BSR Member Spotlight: Noel Morrin, Executive Vice President for Sustainability, Stora Enso

July 11, 2016
Authors
  • Eva Dienel

    Former Associate Director, Communications, BSR

Noel Morrin, executive vice president for sustainability at the renewable-materials company Stora Enso, began working in sustainability 29 years ago, applying his background in chemistry and biology. Since his first position—working on environmental issues in the chemical industry—he has spent time in the private, public, and nonprofit sectors. His resume is packed with firsts in corporate responsibility: He was among the first to work on the business case for corporate environmental responsibility, greening supply chains, investment indices that led to the DJSI and FTSE4Good, and more.

When he was appointed to his current executive position in December of 2014, Morrin said, the biggest change was no longer having to ask for permission to pursue sustainability strategies. “For 28 years, I had to say please, and all of a sudden I was an executive,” he recalled. “Being an executive vice president really makes a difference. I have executive parity. My boss is the chief executive, and I sit at the table with the finance and business guys.”

He spoke with us about the importance of “learning by doing” in the dynamic field of sustainability, and why one of the biggest changes he has made at Stora Enso is to focus on ambitious, long-term goals.

Eva Dienel: What are your company’s top sustainability priorities for the year?

Noel Morrin: Sustainability can’t be planned on a 12-month basis, yet it has to sit comfortably in the planning horizons of business, which are typically one to five years.

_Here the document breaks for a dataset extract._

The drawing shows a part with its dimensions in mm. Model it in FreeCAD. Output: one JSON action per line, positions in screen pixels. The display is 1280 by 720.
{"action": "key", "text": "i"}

Sustainability is about intergenerational change. That’s one of the first things I wanted to reinforce when I got in here. The big thing we’re focused on is ambition, and there are three areas we want to be really good at.

The first is we want to combat global warming—we use a military, aggressive term. For more than a decade, Stora Enso has actively reduced the energy intensity of its operations, as well as its dependence on fossil fuels. Today, more than 75 percent of the energy the group generates and uses comes from carbon-neutral sources. This journey started 10 years ago, and we want to continue on that journey for the next 10 years.

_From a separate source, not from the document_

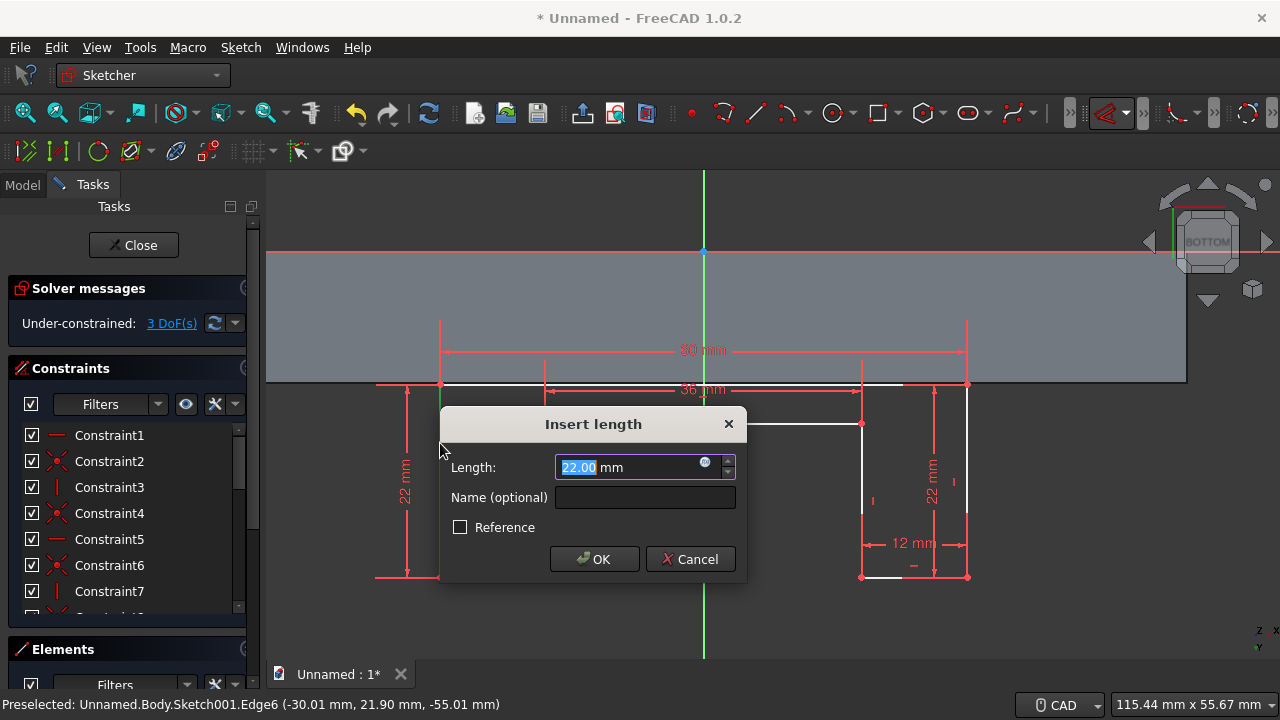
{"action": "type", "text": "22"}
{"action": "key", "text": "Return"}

We have also set ourselves the ambition to be a leader in human rights. Our company has been around for nearly 800 years; it sold its first shares in 1288. Historically, our business has been primarily in the Nordics and Western Europe, but when we made the decision to grow outside traditional paper markets and moved into Latin America and Asia, we encountered new challenges in terms of the social aspects, particularly in human rights. We have got to grow in emerging markets, and we have to deal with some difficult social issues. We are one of the first companies to publish a total review of our human rights situation: every unit and every country we do business in. It’s a classic situation that started with a real crisis, but we have taken our medicine, and we can turn this into an advantage.

The third area that is very important is community investment and helping make communities resilient. We are a business that depends on rural economies because we depend on trees as our raw material. We want to help rural communities that are facing social shocks from people leaving due to unemployment, environmental shocks like climate change, or economic shocks. We have conducted a baseline study across 62 of our units to see what the situation looks like today and are analyzing the results.

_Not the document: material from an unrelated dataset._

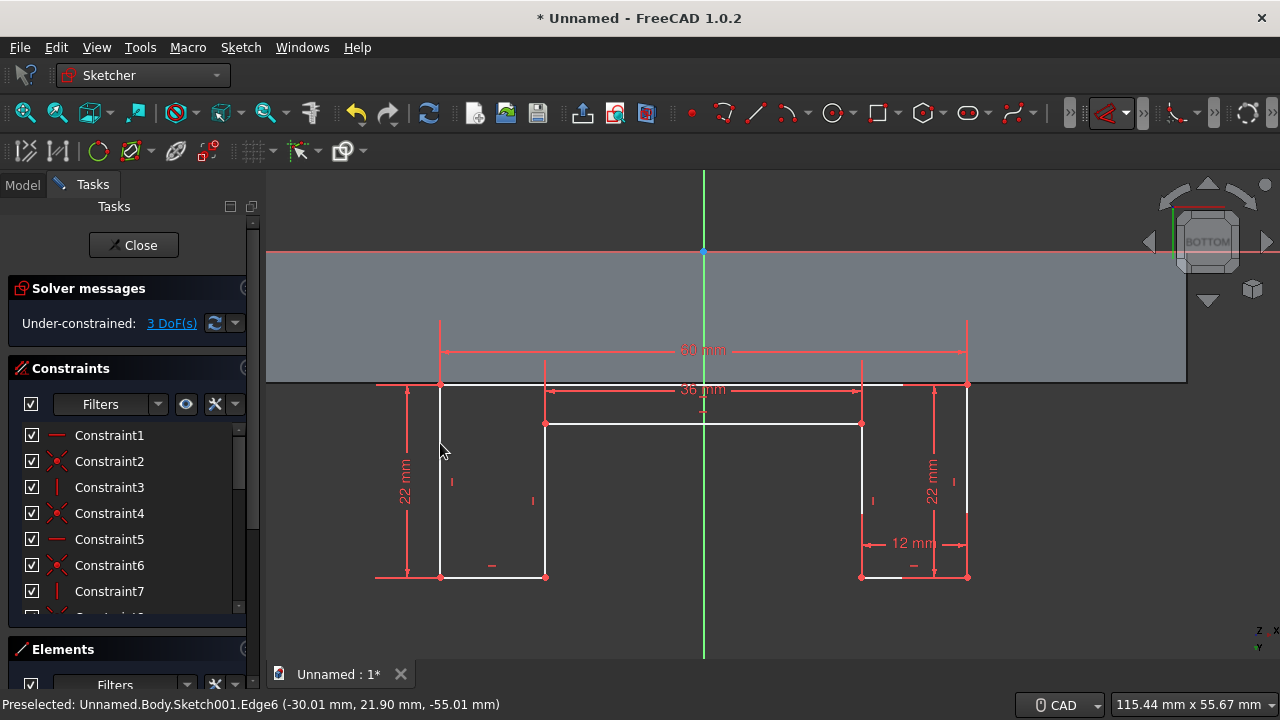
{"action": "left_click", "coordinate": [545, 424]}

Dienel: These areas are all big, and your goals are long term. How do you approach bold goals?

Morrin: I’m a great believer in consensus. You can interpret consensus as lowest common denominator, or you can say consensus is about common ambition. We talk to our own people and people around the world, and we look at how to build off a strength we already have or fix a weakness.

Then it’s about buy-in—I spend a lot of time talking to my colleagues and stakeholders. Then we develop KPIs. If you can’t measure it, you can’t manage it. The other thing is competence: We recognize where we have skills and knowledge gaps and have been filling those.

Finally, you have to do this over the long term. We have a 10-year plan for global warming and are working on 5- to 10-year plans to deliver our ambitions on human rights and community investment. You have to get time horizon right; you can’t change big companies overnight.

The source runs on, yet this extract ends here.